The genomic distribution of A to I editing sites in each RNA-sequencing experiment, including RIP–seq, was analysed using a custom pipeline. In brief, candidate sites were initially selected based on the following criteria: coverage of ≥8 reads, low technical noise (the sum of frequencies of other mismatches ≤ editing frequency) and strong experimental support (editing frequency ≥ 5%). Subsequently, sites near annotated splicing sites, which are prone to alignment noise76, and putative genomic SNPs with editing frequencies above 45% were excluded. Finally, only sites reproducibly identified in ≥3 experiments or present in our data and recorded in the REDIportal database77 were retained for subsequent annotation and analysis.

Analysis of aberrant host cell transcription

To investigate the global effects of viral infection on abnormal host transcription, we first defined transcription boundaries based on annotated splicing sites and transcription start/end sites (TSS, TES) recorded in the filtered GENCODE annotation or high-quality RefSeq models (NM and NR transcripts).
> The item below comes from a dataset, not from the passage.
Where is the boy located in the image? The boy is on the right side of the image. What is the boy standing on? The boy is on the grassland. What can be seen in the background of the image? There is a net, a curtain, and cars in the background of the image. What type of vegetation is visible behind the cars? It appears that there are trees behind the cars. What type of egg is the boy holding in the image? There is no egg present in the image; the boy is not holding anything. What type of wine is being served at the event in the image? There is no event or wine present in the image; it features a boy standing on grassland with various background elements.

For each protein-coding gene, we selected the primary mRNA (marked as Ensembl Canonical), cropped its 5′ and 3′ exons to the shortest exon variant among all annotated secondary isoforms of the same gene (Extended Data Fig. 5a) and called this the reference mRNA. Next, each reference mRNA was matched to several aberrant transcription regions, defined as follows:

  • Downstream region: located downstream of the gene, extending beyond all recorded transcription end sites.

  • Upstream region: spanning from the 5′-most TSS of the gene to the upstream transcription boundary, typically the TES of the upstream gene.
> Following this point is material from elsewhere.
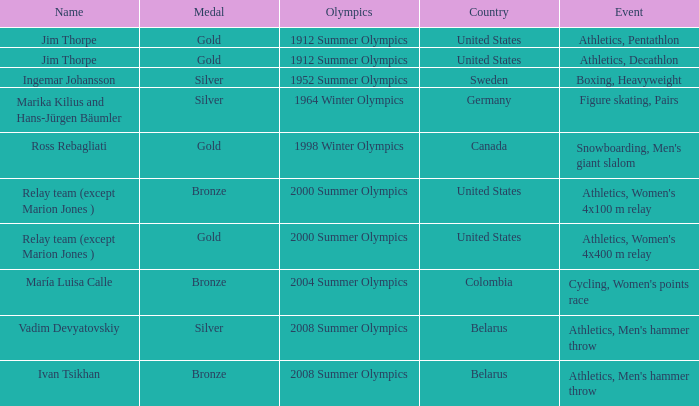What is the event in the 2000 summer olympics with a bronze medal? Athletics, Women's 4x100 m relay. 
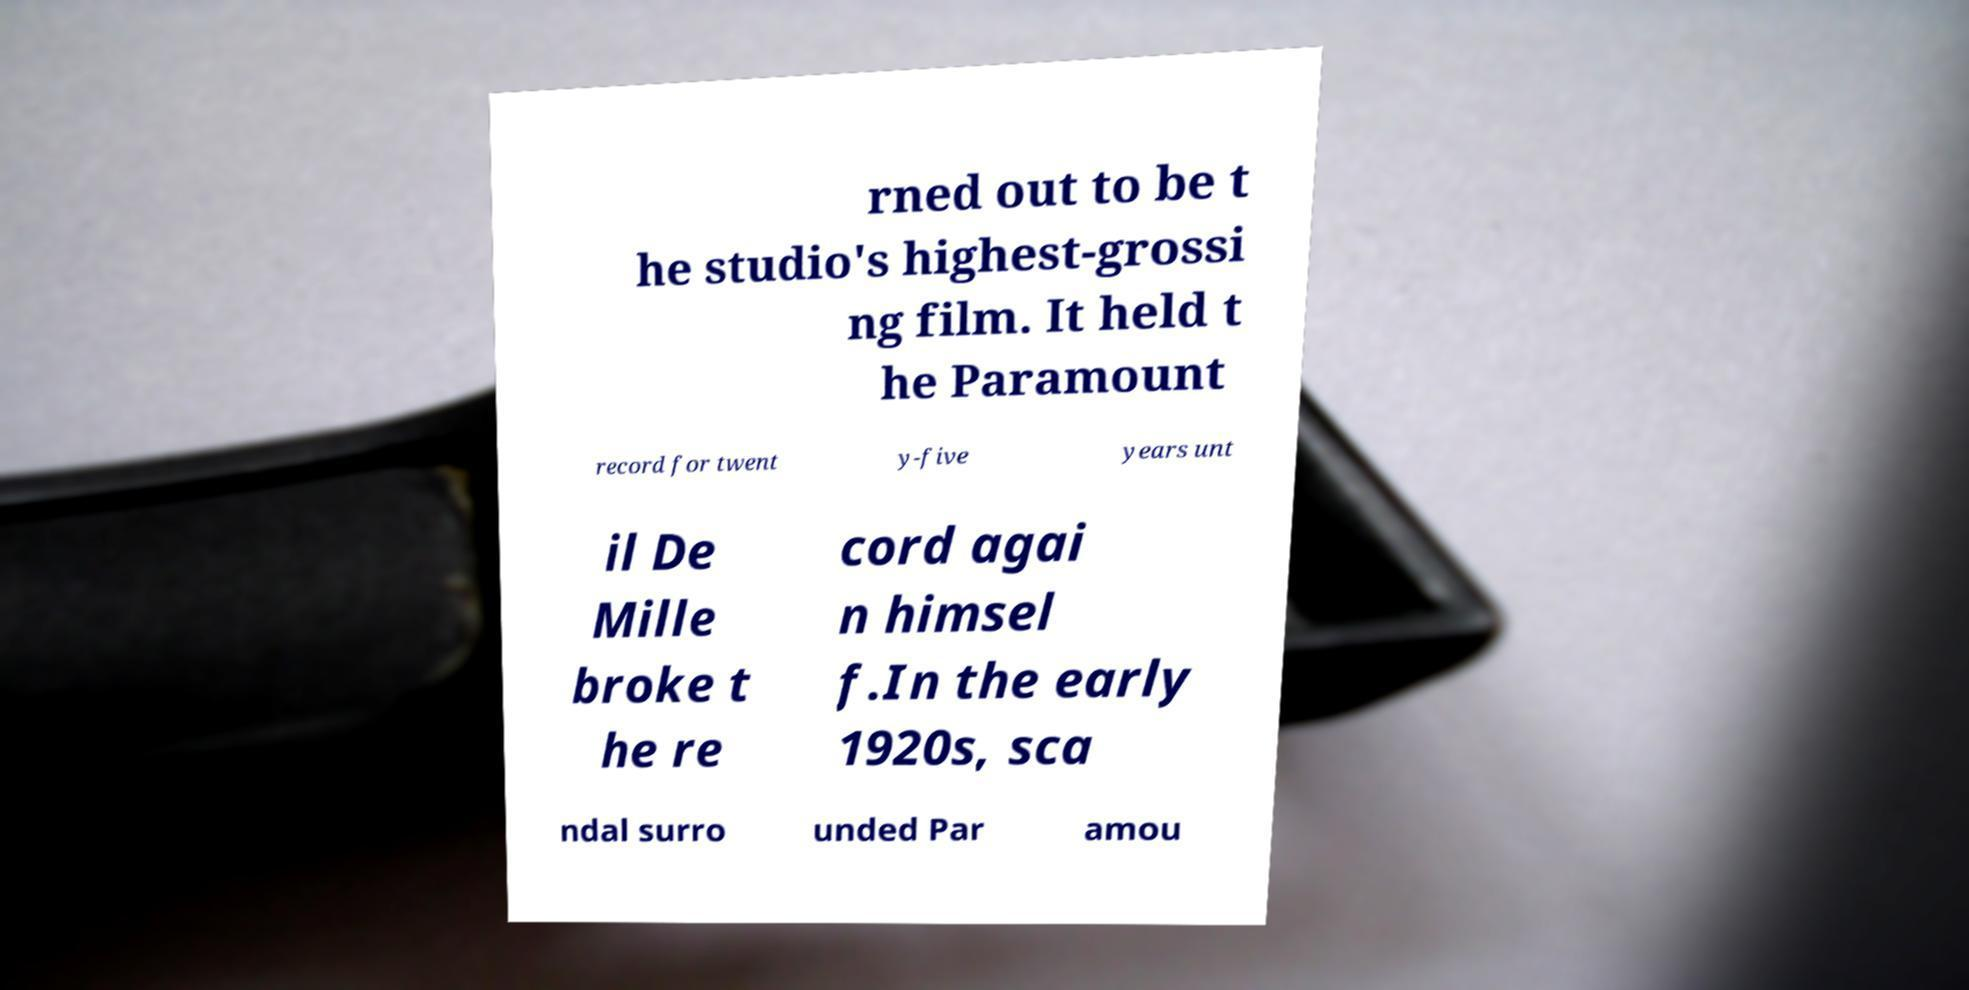Can you accurately transcribe the text from the provided image for me? rned out to be t he studio's highest-grossi ng film. It held t he Paramount record for twent y-five years unt il De Mille broke t he re cord agai n himsel f.In the early 1920s, sca ndal surro unded Par amou

  • Divergent transcription region: running in the divergent orientation from the 5′-most TSS of the gene to the next transcription boundary.

  • Intronic regions: defined as regions from the donor site to the nearest downstream transcription boundary and from the acceptor site to the nearest upstream transcription boundary. This definition excludes exons of secondary isoforms encoded within the intron, ensuring a focus on unambiguously intronic regions.
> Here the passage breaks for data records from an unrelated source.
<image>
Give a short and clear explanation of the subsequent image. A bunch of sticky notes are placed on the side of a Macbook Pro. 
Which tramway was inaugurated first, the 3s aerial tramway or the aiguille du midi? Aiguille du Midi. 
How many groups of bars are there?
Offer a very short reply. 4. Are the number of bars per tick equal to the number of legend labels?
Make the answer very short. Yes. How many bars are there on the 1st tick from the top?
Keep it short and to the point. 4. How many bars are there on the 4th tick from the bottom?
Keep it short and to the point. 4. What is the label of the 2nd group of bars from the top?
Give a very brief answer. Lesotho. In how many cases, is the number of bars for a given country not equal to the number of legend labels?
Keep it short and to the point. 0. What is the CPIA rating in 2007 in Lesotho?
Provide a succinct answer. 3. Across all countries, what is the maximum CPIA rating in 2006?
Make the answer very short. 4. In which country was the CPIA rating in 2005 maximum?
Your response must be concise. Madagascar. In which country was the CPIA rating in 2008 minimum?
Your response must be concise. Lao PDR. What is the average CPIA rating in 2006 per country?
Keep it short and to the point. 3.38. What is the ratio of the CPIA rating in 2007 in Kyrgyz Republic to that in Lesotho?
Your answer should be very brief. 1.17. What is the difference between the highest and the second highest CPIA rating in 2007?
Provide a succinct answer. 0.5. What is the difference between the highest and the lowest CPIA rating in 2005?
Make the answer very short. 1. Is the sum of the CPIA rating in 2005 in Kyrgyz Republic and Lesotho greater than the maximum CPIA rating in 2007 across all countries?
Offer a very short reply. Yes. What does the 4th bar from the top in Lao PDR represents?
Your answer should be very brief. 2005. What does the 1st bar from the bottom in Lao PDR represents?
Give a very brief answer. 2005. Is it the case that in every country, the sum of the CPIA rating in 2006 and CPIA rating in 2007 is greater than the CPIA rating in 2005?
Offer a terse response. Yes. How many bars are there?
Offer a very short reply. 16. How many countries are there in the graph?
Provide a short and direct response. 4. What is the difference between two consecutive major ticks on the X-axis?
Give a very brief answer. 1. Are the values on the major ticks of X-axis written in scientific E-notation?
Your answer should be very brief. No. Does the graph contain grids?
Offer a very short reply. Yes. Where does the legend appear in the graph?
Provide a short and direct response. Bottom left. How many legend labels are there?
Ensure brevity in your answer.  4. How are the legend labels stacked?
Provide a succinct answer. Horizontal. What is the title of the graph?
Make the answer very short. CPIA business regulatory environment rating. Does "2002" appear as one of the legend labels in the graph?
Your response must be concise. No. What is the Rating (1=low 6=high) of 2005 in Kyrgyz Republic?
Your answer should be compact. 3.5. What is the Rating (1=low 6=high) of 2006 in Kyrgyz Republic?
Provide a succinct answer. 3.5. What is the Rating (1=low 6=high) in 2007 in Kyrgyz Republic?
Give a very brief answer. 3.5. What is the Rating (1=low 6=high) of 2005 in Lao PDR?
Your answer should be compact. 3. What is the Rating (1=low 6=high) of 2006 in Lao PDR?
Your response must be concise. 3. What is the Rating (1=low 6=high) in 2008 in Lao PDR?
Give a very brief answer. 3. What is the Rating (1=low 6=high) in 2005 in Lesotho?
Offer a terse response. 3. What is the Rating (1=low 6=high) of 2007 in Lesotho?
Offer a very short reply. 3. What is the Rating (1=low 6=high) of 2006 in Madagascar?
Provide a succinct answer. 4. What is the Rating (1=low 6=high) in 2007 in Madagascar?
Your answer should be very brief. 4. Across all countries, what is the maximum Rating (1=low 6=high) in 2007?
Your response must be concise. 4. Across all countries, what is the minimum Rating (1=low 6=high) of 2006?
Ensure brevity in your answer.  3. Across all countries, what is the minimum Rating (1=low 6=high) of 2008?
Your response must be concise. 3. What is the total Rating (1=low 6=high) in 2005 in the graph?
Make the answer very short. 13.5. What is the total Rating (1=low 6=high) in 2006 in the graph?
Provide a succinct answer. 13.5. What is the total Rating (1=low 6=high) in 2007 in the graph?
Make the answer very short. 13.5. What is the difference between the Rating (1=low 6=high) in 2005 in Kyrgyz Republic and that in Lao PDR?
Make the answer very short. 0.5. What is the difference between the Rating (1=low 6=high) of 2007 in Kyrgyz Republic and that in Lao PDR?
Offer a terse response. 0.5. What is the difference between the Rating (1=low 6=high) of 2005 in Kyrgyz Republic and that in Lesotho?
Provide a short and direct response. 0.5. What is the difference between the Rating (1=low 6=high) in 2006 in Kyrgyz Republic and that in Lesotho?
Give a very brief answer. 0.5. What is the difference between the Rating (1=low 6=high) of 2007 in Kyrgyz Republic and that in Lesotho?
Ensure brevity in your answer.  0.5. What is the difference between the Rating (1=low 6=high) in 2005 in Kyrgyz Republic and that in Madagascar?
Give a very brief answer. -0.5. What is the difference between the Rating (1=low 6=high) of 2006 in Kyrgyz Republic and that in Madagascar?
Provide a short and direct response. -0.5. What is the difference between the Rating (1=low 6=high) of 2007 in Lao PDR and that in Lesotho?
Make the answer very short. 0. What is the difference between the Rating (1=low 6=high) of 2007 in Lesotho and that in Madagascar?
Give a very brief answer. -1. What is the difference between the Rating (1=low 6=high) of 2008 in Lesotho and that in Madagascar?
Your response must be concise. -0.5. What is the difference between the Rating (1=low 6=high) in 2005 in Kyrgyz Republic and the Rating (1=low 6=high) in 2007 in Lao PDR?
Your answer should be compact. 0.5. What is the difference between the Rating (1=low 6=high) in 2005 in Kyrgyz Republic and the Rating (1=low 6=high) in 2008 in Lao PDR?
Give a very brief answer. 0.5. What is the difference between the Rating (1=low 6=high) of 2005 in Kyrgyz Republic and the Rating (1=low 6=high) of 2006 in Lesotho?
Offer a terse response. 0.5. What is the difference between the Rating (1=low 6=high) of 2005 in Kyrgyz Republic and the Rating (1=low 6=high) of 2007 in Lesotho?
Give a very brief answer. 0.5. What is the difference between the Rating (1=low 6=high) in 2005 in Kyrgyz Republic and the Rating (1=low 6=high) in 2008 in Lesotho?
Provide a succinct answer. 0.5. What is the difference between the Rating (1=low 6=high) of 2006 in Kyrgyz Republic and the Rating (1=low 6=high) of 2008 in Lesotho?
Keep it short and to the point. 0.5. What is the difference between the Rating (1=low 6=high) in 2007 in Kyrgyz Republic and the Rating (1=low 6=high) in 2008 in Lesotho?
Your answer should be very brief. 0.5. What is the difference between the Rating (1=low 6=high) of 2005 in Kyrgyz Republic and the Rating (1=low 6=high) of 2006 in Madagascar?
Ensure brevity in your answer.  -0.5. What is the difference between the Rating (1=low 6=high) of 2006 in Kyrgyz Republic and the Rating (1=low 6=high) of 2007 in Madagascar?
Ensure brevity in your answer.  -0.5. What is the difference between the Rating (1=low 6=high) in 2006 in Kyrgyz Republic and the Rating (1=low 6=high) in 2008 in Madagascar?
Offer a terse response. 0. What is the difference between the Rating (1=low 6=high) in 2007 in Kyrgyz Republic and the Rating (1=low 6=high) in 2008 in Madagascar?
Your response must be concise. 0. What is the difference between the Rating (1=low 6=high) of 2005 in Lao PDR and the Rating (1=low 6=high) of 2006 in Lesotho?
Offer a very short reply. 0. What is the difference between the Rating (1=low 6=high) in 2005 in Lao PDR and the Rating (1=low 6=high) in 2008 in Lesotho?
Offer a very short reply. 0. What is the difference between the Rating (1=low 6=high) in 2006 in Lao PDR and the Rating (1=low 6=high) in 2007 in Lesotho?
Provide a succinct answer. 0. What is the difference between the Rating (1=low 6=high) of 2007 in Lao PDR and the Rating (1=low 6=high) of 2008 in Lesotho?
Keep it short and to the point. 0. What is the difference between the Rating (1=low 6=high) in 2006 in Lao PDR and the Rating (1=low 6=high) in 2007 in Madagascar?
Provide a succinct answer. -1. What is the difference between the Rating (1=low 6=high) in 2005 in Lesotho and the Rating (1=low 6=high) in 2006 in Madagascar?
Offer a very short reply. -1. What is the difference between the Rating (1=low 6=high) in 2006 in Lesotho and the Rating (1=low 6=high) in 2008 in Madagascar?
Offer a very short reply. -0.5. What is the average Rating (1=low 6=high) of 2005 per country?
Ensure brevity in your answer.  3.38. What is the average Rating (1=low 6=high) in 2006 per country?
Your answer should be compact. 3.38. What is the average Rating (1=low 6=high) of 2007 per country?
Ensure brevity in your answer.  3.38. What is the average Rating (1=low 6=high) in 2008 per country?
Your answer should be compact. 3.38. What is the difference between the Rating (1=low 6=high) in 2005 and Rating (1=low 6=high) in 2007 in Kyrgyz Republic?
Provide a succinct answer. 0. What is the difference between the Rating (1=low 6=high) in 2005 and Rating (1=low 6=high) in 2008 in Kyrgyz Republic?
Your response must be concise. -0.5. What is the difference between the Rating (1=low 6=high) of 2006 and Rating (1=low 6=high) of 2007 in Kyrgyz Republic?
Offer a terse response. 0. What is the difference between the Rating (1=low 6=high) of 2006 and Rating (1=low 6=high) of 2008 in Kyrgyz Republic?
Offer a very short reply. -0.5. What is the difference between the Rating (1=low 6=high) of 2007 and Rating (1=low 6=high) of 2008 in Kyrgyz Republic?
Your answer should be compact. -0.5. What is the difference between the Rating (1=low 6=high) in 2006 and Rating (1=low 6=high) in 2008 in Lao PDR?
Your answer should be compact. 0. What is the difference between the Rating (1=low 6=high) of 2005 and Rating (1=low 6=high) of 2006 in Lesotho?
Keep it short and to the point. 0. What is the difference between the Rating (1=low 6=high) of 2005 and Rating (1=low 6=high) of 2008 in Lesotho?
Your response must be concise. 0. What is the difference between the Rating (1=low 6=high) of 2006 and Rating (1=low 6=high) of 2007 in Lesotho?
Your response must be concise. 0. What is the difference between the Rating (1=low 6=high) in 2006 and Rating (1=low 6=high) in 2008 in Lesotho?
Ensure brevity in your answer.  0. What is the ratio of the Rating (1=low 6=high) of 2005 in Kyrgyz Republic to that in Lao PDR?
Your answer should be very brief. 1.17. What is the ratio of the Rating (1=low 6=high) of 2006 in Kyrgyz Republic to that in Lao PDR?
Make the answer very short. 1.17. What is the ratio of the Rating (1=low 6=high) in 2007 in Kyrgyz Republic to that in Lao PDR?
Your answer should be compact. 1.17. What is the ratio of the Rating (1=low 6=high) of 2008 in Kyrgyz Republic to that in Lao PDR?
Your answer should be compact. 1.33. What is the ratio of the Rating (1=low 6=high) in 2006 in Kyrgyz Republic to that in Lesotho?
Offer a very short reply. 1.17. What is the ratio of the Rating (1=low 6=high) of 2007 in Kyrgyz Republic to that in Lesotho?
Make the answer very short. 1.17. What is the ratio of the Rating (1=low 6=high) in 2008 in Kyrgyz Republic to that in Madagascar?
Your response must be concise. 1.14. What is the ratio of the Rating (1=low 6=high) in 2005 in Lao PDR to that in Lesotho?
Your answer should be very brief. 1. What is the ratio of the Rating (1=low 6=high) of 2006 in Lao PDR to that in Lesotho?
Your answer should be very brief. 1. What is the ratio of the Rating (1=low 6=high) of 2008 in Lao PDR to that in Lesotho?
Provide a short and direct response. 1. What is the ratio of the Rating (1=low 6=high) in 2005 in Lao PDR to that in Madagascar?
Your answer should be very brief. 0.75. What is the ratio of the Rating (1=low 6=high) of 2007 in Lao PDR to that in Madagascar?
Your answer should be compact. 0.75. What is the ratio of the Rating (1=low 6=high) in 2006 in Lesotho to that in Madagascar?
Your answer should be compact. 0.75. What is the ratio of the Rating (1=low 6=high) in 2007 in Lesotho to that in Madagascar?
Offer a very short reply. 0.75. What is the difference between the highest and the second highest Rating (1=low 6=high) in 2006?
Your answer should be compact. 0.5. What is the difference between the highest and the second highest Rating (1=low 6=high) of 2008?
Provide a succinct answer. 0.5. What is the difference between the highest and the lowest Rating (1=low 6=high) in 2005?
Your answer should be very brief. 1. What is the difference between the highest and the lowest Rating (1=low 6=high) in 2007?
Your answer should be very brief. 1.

Downstream, upstream and divergent regions were trimmed to a maximum length of 2.5 kb and were excluded if they were shorter than this threshold. All constitutive exons of the primary mRNA served as a ‘normal’ transcription reference for downstream, upstream and divergent regions, while individual constitutive 5′ exons served as the reference for intronic regions.

The relative level of aberrant transcription (Extended Data Fig. 5a) in infected cells was statistically compared to control cells using the DEXSeq statistical framework78. Libraries were normalized using previously described median-of-ratios procedure and for each comparison, only references with a coverage of ≥1 fragment per kilobase per million were included. Relative changes in aberrant transcription with a fold change ≥ 1.5 (adjusted P ≤ 0.01, two-sided test) were considered significant. These changes were further classified as strong if the difference in aberrant transcription levels between conditions exceeded 10%.

AlphaFold modelling of murine CPSF3

The structure of human JTE-607 bound CPSF3 (PDB: 6MQ8) was aligned with the mouse CPSF3 orthologue AlphaFold database model (AF-Q9QXK7-F1-v4) in PyMOL.

Statistics

Statistical significance was determined using unpaired Student’s t-tests with Welch’s correction for comparisons between two groups, one-way ANOVA with Dunnett’s multiple-comparison test or two-way ANOVA with Tukey’s multiple-comparison test between multiple (>2) groups. P values of 0.05 or lower were considered to be significant.

Reporting summary

Further information on research design is available in the Nature Portfolio Reporting Summary linked to this article.